The Group

A group of University of Chicago Civic Reflection Fellows


We asked questions related to what people were saying in hopes of getting the group to think further about the issues others were bringing up throughout the discussion. We also asked, if it seemed necessary, for people to elaborate or clarify some of the comments they were making, which helped everyone in the group stay on the same page. Our poetry choice helped provoke discussion because it was difficult and ambiguous enough upon an initial reading to necessitate clarification and closer reading.

One interesting part of the discussion was the group’s response to our question of whether they had experienced someone imposing a reality on them. Another interesting portion was the discussion on how people in general and the group members themselves treat people in specific service jobs and view various occupations.

I liked that people started answering the question very personally, and sharing stories about times when they themselves were type-cast and how they’ve dealt with that. I also think the piece resonated emotionally with many members of the group.


The conversation didn’t go how we planned, and handling those divergences and trying to both continue the conversation naturally while weaving it together was something very difficult. It may have made certain group members feel less able to contribute comments. Next time we will try to spend more time in the beginning of the discussion focusing on the text to establish a level of comfort with contributing to the discussion for the participants.

A challenge for me that arose throughout the discussion was my tendency to ask close-ended questions at times that would restrict the discussion rather than allowing for various viewpoints or themes to emerge. Next time I will try to ask more open-ended questions that will elicit more participation or even to ask “how do you feel about comments made or the text?” which come seem more neutral. Finding questions that are relevant but not leading, but also not too general and distant from the conversation, were often hard to come up with on the spot. I think a better group understanding of the poem would have made it easier to ask relevant but unassuming questions.

Opening Activity

We had two opening activities/questions. The first activity was to have the group members introduce themselves and in one word say what they believed to be most responsible for people’s unhappiness.  The second activity was to have the group break off into pairs and briefly share their last experience helping someone.

Discussion Questions

I think the piece itself did a good job of creating its own organic conversation, but I think specifically asking people directly to elaborate on something they had said worked well to keep conversation going.
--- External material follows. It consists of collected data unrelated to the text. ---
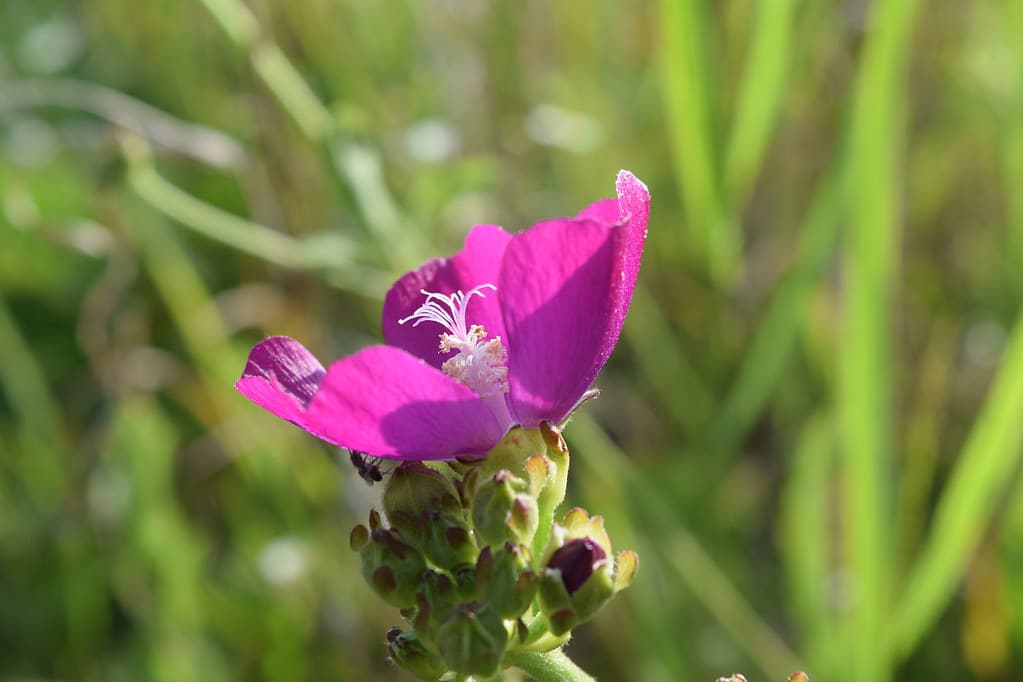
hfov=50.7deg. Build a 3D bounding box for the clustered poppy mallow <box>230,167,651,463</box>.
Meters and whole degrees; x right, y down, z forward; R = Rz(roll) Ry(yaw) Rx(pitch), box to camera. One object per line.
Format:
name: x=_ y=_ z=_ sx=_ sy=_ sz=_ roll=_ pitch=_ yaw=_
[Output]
clustered poppy mallow: x=0.017 y=-0.039 z=2.138 sx=0.531 sy=0.362 sz=0.741 roll=-8 pitch=-4 yaw=-3

The opening question about the cause of unhappiness provoked further questions during the discussion. One particular question that we posed to the group early in the conversation was whether they related in some way to having someone impose a reality or image on them, or whether they have imposed a reality on someone else in the past?

Closing Activity

Yes, our closing activity was to have the group, keeping their answer to the opening activity and the discussion we just had in mind, go around and express one thing they thought they could do to bring happiness to someone.